At least one in five healthcare professionals report symptoms of depression and anxiety.
Almost four in 10 healthcare workers experience sleeping difficulties and/or insomnia.
Rates of anxiety and depression were higher for female healthcare workers and nursing staff.
Milder mood symptoms are common and screening should aim to identify mild and sub-threshold syndromes.
COVID-19 pandemic has the potential to significantly affect the mental health of healthcare workers (HCWs), who stand in the frontline of this crisis. It is, therefore, an immediate priority to monitor rates of mood, sleep and other mental health issues in order to understand mediating factors and inform tailored interventions. The aim of this review is to synthesize and analyze existing evidence on the prevalence of depression, anxiety and insomnia among HCWs during the Covid-19 outbreak.

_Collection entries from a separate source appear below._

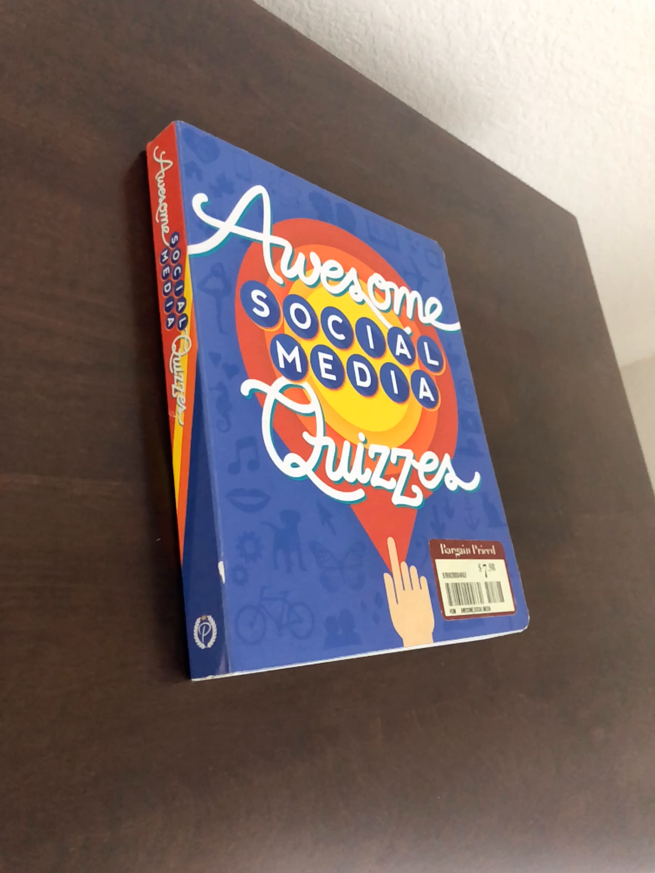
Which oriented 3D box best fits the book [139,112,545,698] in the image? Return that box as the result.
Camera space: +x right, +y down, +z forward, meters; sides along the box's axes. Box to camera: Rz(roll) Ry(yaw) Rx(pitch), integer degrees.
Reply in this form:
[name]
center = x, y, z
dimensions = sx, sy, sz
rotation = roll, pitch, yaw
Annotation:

A systematic search of literature databases was conducted up to April 17 th, 2020. Two reviewers independently assessed full-text articles according to predefined criteria. Risk of bias for each individual study was assessed and data pooled using random-effects meta-analyses to estimate the prevalence of specific mental health problems. The review protocol is registered in PROSPERO and is available online.

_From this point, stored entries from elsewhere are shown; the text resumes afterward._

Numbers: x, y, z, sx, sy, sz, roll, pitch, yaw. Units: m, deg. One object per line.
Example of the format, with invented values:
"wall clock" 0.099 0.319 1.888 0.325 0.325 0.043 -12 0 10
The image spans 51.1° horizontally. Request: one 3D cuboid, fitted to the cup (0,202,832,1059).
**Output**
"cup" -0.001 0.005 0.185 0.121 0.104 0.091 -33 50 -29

Thirteen studies were included in the analysis with a combined total of 33062 participants. Anxiety was assessed in 12 studies, with a pooled prevalence of 23·2% and depression in 10 studies, with a prevalence rate of 22·8%. A subgroup analysis revealed gender and occupational differences with female HCPs and nurses exhibiting higher rates of affective symptoms compared to male and medical staff respectively. Finally, insomnia prevalence was estimated at 38·9% across 4 studies.
Early evidence suggests that a considerable proportion of HCWs experience mood and sleep disturbances during this outbreak, stressing the need to establish ways to mitigate mental health risks and adjust interventions under pandemic conditions.